Source data
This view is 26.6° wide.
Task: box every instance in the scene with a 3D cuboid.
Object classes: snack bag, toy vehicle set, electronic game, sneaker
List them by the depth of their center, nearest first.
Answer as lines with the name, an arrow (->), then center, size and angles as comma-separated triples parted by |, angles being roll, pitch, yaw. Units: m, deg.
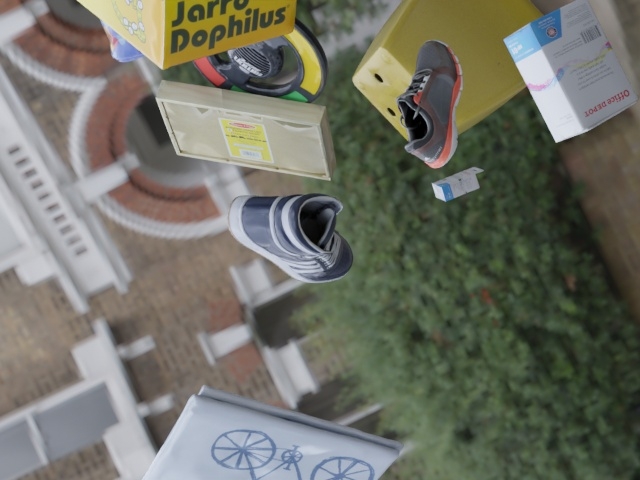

Exercise instructions -
One exact copy of the data is required, and it should hold no pictures.

Task solution -
This view is 26.6° wide.
Task: box every instance in the scene with a 3D cuboid.
Object classes: snack bag, toy vehicle set, electronic game, sneaker
List them by the depth of their center, nearest first.
Answer as lines with the name, an arrow (->), then center, size and angles as comma-separated triples parted by |, angles being roll, pitch, yaw. Units: m, deg.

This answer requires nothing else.